Wir signieren unsere Programme ja schon seit geraumer Zeit mit digitalen Zertifikaten. Die kann man sich auch anzeigen lassen und sehen da so aus.

Ab jetzt (in Kürze, vermutlich morgen) verwenden wir ein neues digitales Zertifikat, und zwar eines, das den neuen Sicherheitsrichtlinien von 2017 genügt. (Unser altes stammte von vorher und lief noch bis gerade eben mit den alten Richtlinien.)

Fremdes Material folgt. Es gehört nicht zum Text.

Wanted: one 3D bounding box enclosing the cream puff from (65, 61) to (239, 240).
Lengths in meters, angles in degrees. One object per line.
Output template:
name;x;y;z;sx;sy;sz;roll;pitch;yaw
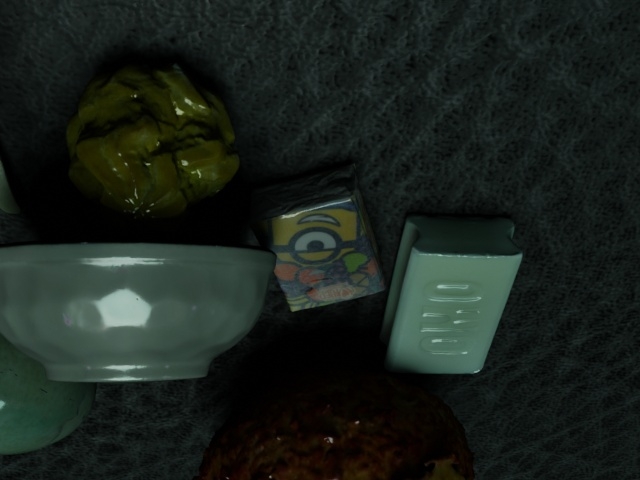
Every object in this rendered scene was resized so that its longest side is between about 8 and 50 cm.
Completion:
cream puff;-0.148;-0.072;0.782;0.156;0.156;0.121;-15;152;10

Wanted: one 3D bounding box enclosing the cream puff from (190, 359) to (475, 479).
cream puff;0.007;0.264;1.065;0.350;0.229;0.350;-17;153;-9

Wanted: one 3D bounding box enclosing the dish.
dish;-0.177;0.069;0.834;0.303;0.120;0.303;-1;173;0

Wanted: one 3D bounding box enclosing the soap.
soap;0.137;0.063;0.992;0.119;0.066;0.198;2;135;-5

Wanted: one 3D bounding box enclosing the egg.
egg;-0.343;0.132;0.941;0.236;0.169;0.169;31;125;-30

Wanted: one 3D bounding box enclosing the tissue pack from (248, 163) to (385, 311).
tissue pack;0.000;0.000;0.919;0.108;0.060;0.148;-13;136;8

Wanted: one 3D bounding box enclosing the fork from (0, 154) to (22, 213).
fork;-0.301;-0.101;0.821;0.034;0.028;0.219;-9;140;-7

Das interessante (und, um es klar zu sagen, in Teilen auch sehr nervige) an den neuen Richtlinien für EV Zertifikate: Die CA stellt das Zertifikat aus, liefert es aber nur noch auf Hardware und per gelber Post (bzw.: UPS) aus. Man braucht also tatsächlich ein bestimmtes Stück Hardware – in unserem Fall einen USB-Dongle – um die Software tatsächlich zu signieren. Das macht das Zertifikat erheblich wertvoller als zuvor: Denn da konnte man einfach eine Datei kopieren (wenn man dran kam) und hatte eine Kopie zu weiterverwenden.

Das geht nicht mehr.

Und so sieht es aus, unser USB-Token zum signieren: (Das mit dem blauen Licht ist das "Ding".)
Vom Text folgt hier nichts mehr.